Then there occurred a communications breakdown that would prove costly. For reasons still unexplained, it appears that these objections were not communicated down the chain. The two officials responsible for coordinating the translation of intelligence into public rhetoric--Alan Foley, a top CIA nonproliferation expert, and Robert Joseph, a special assistant to the president for nonproliferation and a senior director at the NSC--were kept in the dark. In the months to come, Foley and Joseph would proceed unaware that any substantive objections had been raised to the Niger intelligence.
In an ironic twist that underscores the chronic miscommunication, on the very day President Bush delivered the Cincinnati speech--making no mention of Iraq's seeking uranium in Africa--the CIA once again approved language for a White House paper claiming Iraq had "sought uranium from Africa."
Two days later, on October 9, 2002, the vice chairman of the Senate Intelligence Committee, Jay Rockefeller, spoke of the Iraqi threat in explaining his vote to authorize the use of force. "There is unmistakable evidence that Saddam Hussein is working aggressively to develop nuclear weapons and will likely have nuclear weapons within the next five years.

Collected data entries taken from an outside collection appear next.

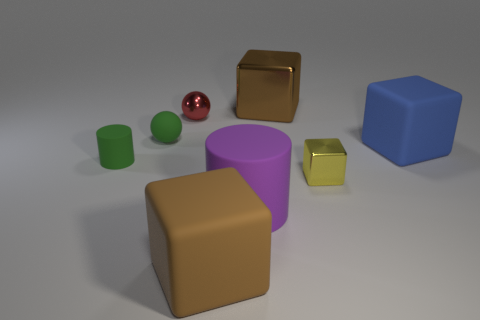Add 2 big blue matte objects. How many objects exist? 10 Subtract all cylinders. How many objects are left? 6 Add 7 tiny green matte cylinders. How many tiny green matte cylinders are left? 8 Add 6 tiny green balls. How many tiny green balls exist? 7 Subtract 1 green spheres. How many objects are left? 7 Subtract all large green cylinders. Subtract all small shiny blocks. How many objects are left? 7 
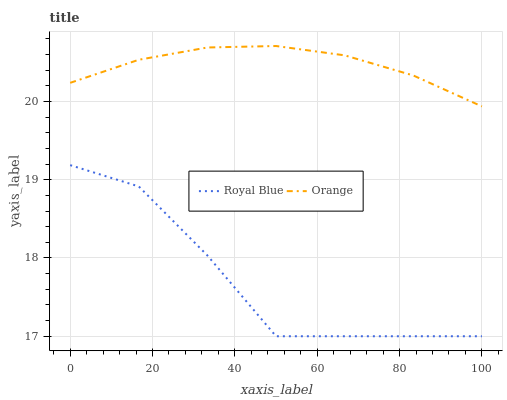Does Royal Blue have the minimum area under the curve?
Answer yes or no. Yes. Does Orange have the maximum area under the curve?
Answer yes or no. Yes. Does Royal Blue have the maximum area under the curve?
Answer yes or no. No. Is Orange the smoothest?
Answer yes or no. Yes. Is Royal Blue the roughest?
Answer yes or no. Yes. Is Royal Blue the smoothest?
Answer yes or no. No. Does Royal Blue have the lowest value?
Answer yes or no. Yes. Does Orange have the highest value?
Answer yes or no. Yes. Does Royal Blue have the highest value?
Answer yes or no. No. Is Royal Blue less than Orange?
Answer yes or no. Yes. Is Orange greater than Royal Blue?
Answer yes or no. Yes. Does Royal Blue intersect Orange?
Answer yes or no. No. 
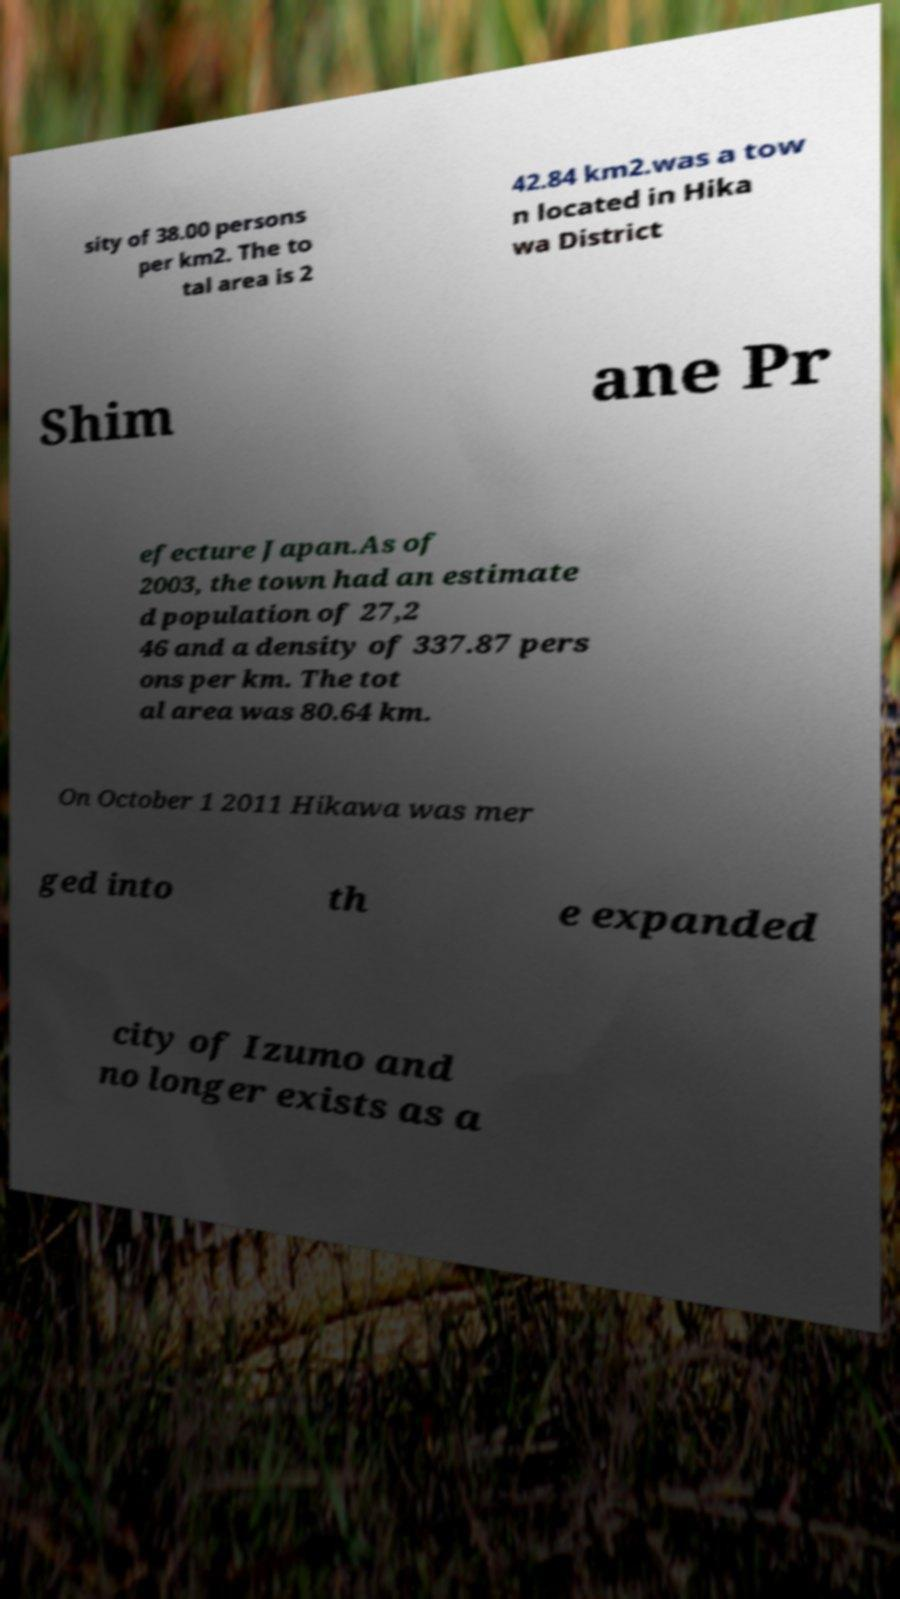Please read and relay the text visible in this image. What does it say? sity of 38.00 persons per km2. The to tal area is 2 42.84 km2.was a tow n located in Hika wa District Shim ane Pr efecture Japan.As of 2003, the town had an estimate d population of 27,2 46 and a density of 337.87 pers ons per km. The tot al area was 80.64 km. On October 1 2011 Hikawa was mer ged into th e expanded city of Izumo and no longer exists as a

And that may happen sooner if he can obtain access to enriched uranium from foreign sources--something that is not that difficult in the current world." (Rockefeller would be one of 77 senators voting to authorize the use of force against Iraq. The vote in the House would be 296-133.)
THEN THE STORY TOOK A BIZARRE TURN. That same day, October 9, an Italian journalist walked into the U.S. embassy in Rome and delivered a set of documents purportedly showing that Iraq had indeed purchased uranium from Niger. The embassy provided the documents to the State Department and the CIA. At State, an INR analyst almost instantly suspected the documents might be forgeries. Although several different CIA divisions received copies of the documents, the agency provided no immediate evaluation of them and did not identify them as likely fabrications.
Two events in the fall of 2002 seemed to enhance the credibility of the initial reporting on an Iraq-Niger deal. First, a French diplomat told the State Department that his government had received additional, credible reporting on the transaction and had concluded that the earlier reports were true. A second report, this one from the U.S. Navy, suggested that uranium being transferred from Niger to Iraq had been discovered in a warehouse in Cotonou, Benin. Although that report indicated that the broker for the deal was willing to talk about it, he was never contacted by the CIA or military intelligence.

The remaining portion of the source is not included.